I used stop words like Uber and Lyft because I wanted to remove the name of these companies so that words such as riders,rideshare, car, taxi, among others could standout in the world cloud. Also, I used drivers as stop words, because I did not want driver and drivers to appear together in the word cloud.
###FURTHER CLEANING BASED ON YOUR EXPERTISE! YOUR CODE HERE
my_stopwords <- data.frame(c(stop_words$word, 'uber', 'lyft','drivers'))

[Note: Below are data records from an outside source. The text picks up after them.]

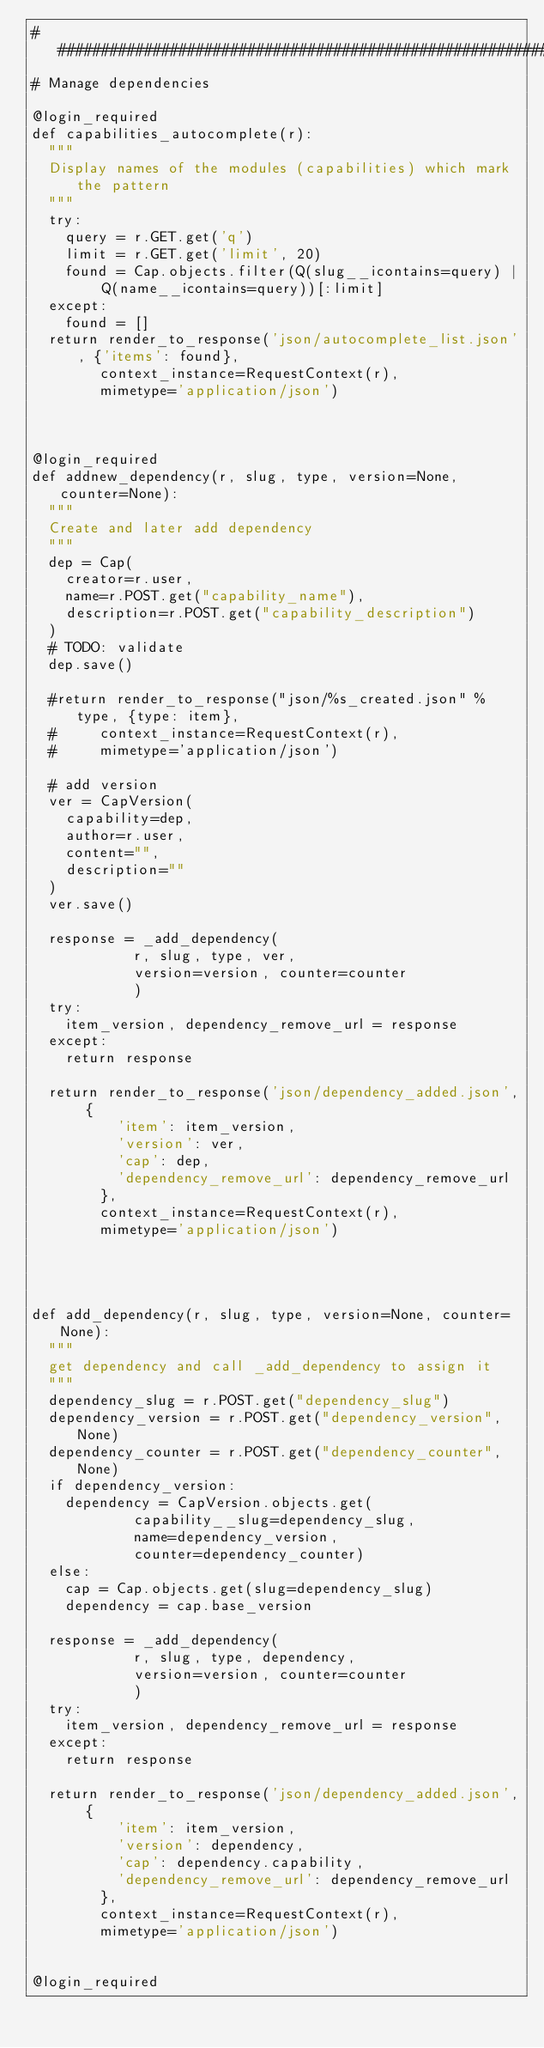<code> <loc_0><loc_0><loc_500><loc_500><_Python_>##########################################################
# Manage dependencies

@login_required
def capabilities_autocomplete(r):
	"""
	Display names of the modules (capabilities) which mark the pattern
	"""
	try:
		query = r.GET.get('q')
		limit = r.GET.get('limit', 20)
		found = Cap.objects.filter(Q(slug__icontains=query) | Q(name__icontains=query))[:limit]
	except:
		found = []
	return render_to_response('json/autocomplete_list.json', {'items': found},
				context_instance=RequestContext(r),
				mimetype='application/json')
	

	
@login_required
def addnew_dependency(r, slug, type, version=None, counter=None):
	"""
	Create and later add dependency
	"""
	dep = Cap(
		creator=r.user,
		name=r.POST.get("capability_name"),
		description=r.POST.get("capability_description")
	)
	# TODO: validate
	dep.save()

	#return render_to_response("json/%s_created.json" % type, {type: item},
	#			context_instance=RequestContext(r),
	#			mimetype='application/json')
	
	# add version
	ver = CapVersion(
		capability=dep,
		author=r.user,
		content="",
		description=""
	) 
	ver.save()
	
	response = _add_dependency(
						r, slug, type, ver,
						version=version, counter=counter
						)
	try: 
		item_version, dependency_remove_url = response
	except:
		return response

	return render_to_response('json/dependency_added.json', {
					'item': item_version, 
					'version': ver, 
					'cap': dep,
					'dependency_remove_url': dependency_remove_url
				},
				context_instance=RequestContext(r),
				mimetype='application/json')


	
	
def add_dependency(r, slug, type, version=None, counter=None):
	"""
	get dependency and call _add_dependency to assign it
	"""
	dependency_slug = r.POST.get("dependency_slug")
	dependency_version = r.POST.get("dependency_version", None)
	dependency_counter = r.POST.get("dependency_counter", None)
	if dependency_version:
		dependency = CapVersion.objects.get(
						capability__slug=dependency_slug, 
						name=dependency_version, 
						counter=dependency_counter)
	else:
		cap = Cap.objects.get(slug=dependency_slug)
		dependency = cap.base_version
	
	response = _add_dependency(
						r, slug, type, dependency,
						version=version, counter=counter
						)
	try: 
		item_version, dependency_remove_url = response
	except:
		return response

	return render_to_response('json/dependency_added.json', {
					'item': item_version, 
					'version': dependency, 
					'cap': dependency.capability,
					'dependency_remove_url': dependency_remove_url
				},
				context_instance=RequestContext(r),
				mimetype='application/json')


@login_required</code>

colnames(my_stopwords) <- "word"
cleanTokens2 <- my_twts_clean %>%
anti_join(my_stopwords)
## Joining, by = "word"
####Rereun the freq counts
freq_df2 <- cleanTokens2 %>%
count(word, sort = TRUE) %>%
top_n(50) %>%
mutate(word = reorder(word, n))
## Selecting by n
wordcloud2(data = freq_df2, minRotation = 0, maxRotation = 0, ellipticity = 0.6)
Part 5: N-grams
#n-grams is more than two words linked together
#install.packages("widyr")
library(widyr)
#get ngrams. You may try playing around with the value of n, n=3 , n=4
my_twts_ngram <- my_twts %>%
dplyr::select(cleanedTxt) %>%
unnest_tokens(paired_words, cleanedTxt, token = "ngrams", n = 2)
#show ngrams with sorted values
my_twts_ngram %>%
count(paired_words, sort = TRUE)
## # A tibble: 2,100 x 2
## paired_words n
## <chr> <int>
## 1 uber lyft 22
## 2 lyft driver 8
## 3 and lyft 7
## 4 i have 7
## 5 lyft uber 7
## 6 uber and 7
## 7 allstate lyft 6
## 8 and other 6
## 9 in a 6
## 10 the driver 6
## # ... with 2,090 more rows
library(tidyr)
#separate the paired words into two columns
my_twts_ngram <- my_twts_ngram %>%
separate(paired_words, c("word1", "word2"), sep = " ")
# filter rows where there are stop words under word 1 column and word 2 column
my_twts_filtered <- my_twts_ngram %>%
filter(!word1 %in% stop_words$word) %>%
filter(!word2 %in% stop_words$word)
# Sort the new bi-gram (n=2) counts:
my_words_counts <- my_twts_filtered %>%
count(word1, word2, sort = TRUE)
#head(my_words_counts)
# words occurring in pair after filtering out the stop words
head(my_twts_filtered)
## # A tibble: 6 x 2
## word1 word2
## <chr> <chr>
## 1 40 mins
## 2 dn driver
## 3 driver 6
## 4 6 mins
## 5 leading car
## 6 car sharing
# plot word network
my_words_counts %>%
filter(n >= 2) %>%
graph_from_data_frame() %>%
ggraph(layout = "fr") +
geom_edge_link(aes(edge_alpha = .6, edge_width = n)) +
geom_node_point(color = "darkslategray4", size = 3) +
geom_node_text(aes(label = name), vjust = 1.8, size = 4) +
labs(title = "Figure 5: Word Network: Tweets using ##lyft",
subtitle = "Text mining twitter data",
x = "", y = "")
## Warning in graph_from_data_frame(.): In `d' `NA' elements were replaced with
## string "NA"
What did you learn about your keyword? Please make this an insightful comment. Really dig in and reflect on what you learned.
The ##lyft as the keyword. The goal was to find the tweets related to Lyft as a company. I realized Lyft was the highest unique wordcounts, followed by Uber. This is not surprising as both are different companies but provide the same services with the same business model. Also, form the ngram words like driver passenger, and injuries are linked.